LAUSD Board member Steve Zimmer, who oversees the Westchester/Playa area, did not return calls seeking comment.
In the meantime, Kentwood parents have organized a petition asking the school district to “stop the co-location of CWC at Kentwood” and identify other campuses that have the space to house the school. The petition also asks the district to look into providing CWC space at the Kentwood Early Education Center located on the school’s campus, which, although renovated in recent years, has sat empty according to Kentwood PTO President Doug Lee.
While parents who have signed the petition are hoping that they can persuade the district to reevaluate its decision, Lee is confident that if CWC does end up co-locating on the Kentwood campus, the two schools will work together to create a harmonious learning environment for students.

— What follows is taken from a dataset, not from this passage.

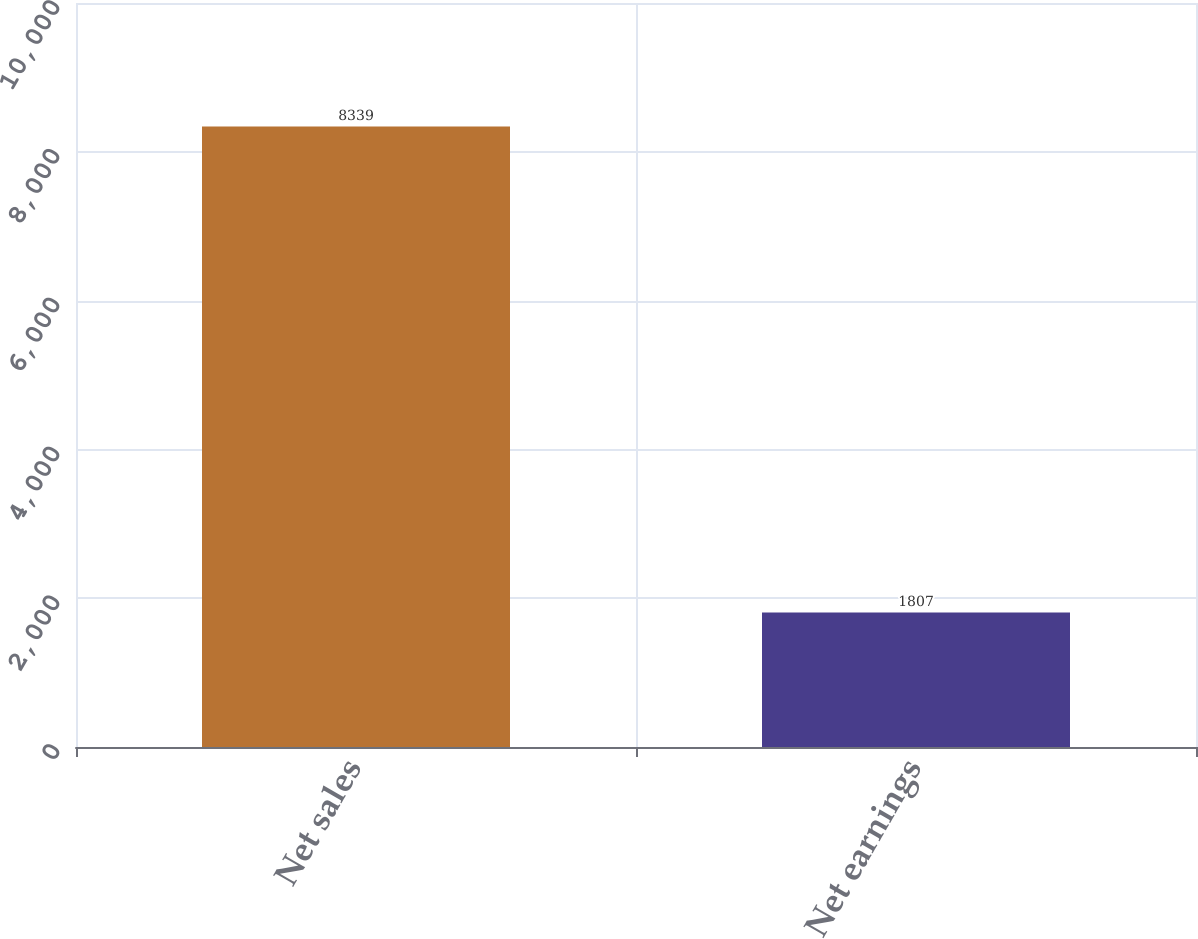Convert chart to OTSL. <chart><loc_0><loc_0><loc_500><loc_500><bar_chart><fcel>Net sales<fcel>Net earnings<nl><fcel>8339<fcel>1807<nl></chart> 
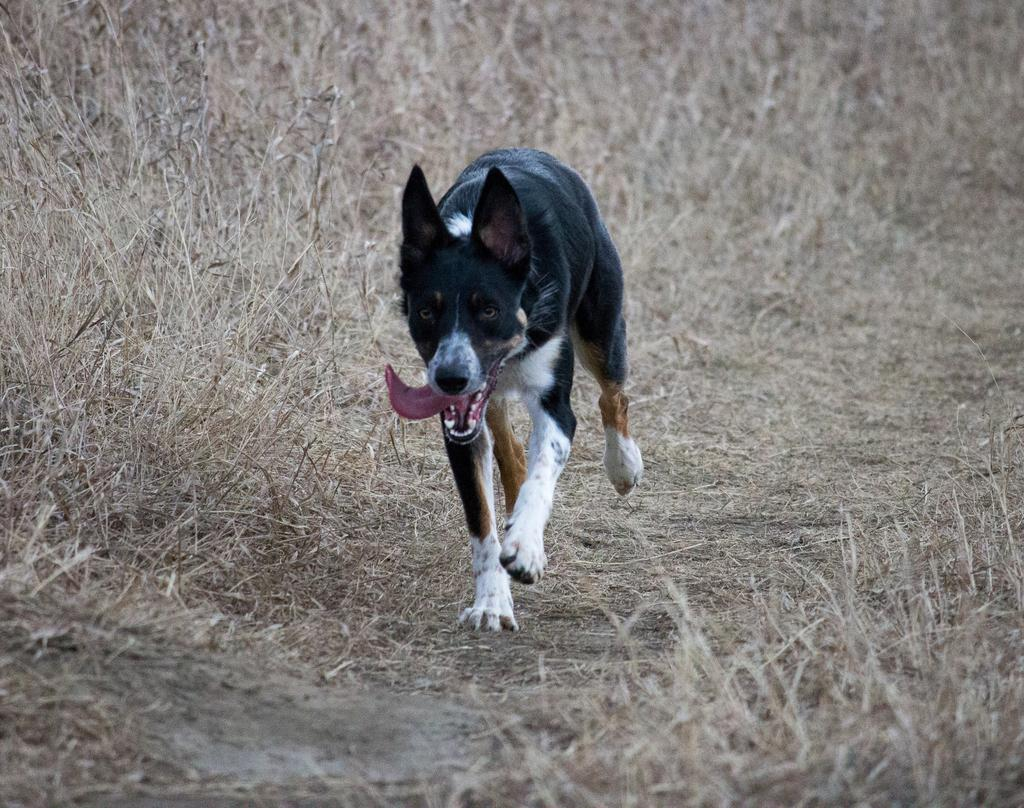What type of surface is visible in the image? There is ground visible in the image. What animal can be seen on the ground? There is a black and white dog standing on the ground. What is the color of the grass in the image? The grass in the image is yellow. Can you see any adjustments being made by the cat in the image? There is no cat present in the image, so no adjustments can be observed.

“This disruption is not on the charter system. It’s not about Prop 39. It’s really about ‘Is this the best choice out there?’ ‘Is this the only option that you have?’” said Lee. “If you can come back and say with a straight face that it is, that Kentwood is the only place that this school can go to do what it needs to do, then we’ll have to receive them and we will because that’s the strength of our neighborhood and our community. We will do it and we’ll do it to the best of our ability. I’m pretty confident we will make it work because that’s how we roll around here.”
Foreseeing that the issue of schools co-locating is here to stay, the LMU Family of Schools will be holding a workshop later this month to help principals navigate the issue.
“Proposition 39 ensures that school co-locations will be a part of the conversation surrounding public education for years to come,” said LMU’s Family of School’s Darin Earley. “With 6 schools in the LMU Family of Schools sharing campus space, we recognize the importance of supporting our schools and principals as they work to foster healthy collegial relationships between the co-located schools that promote student success and academic achievement.”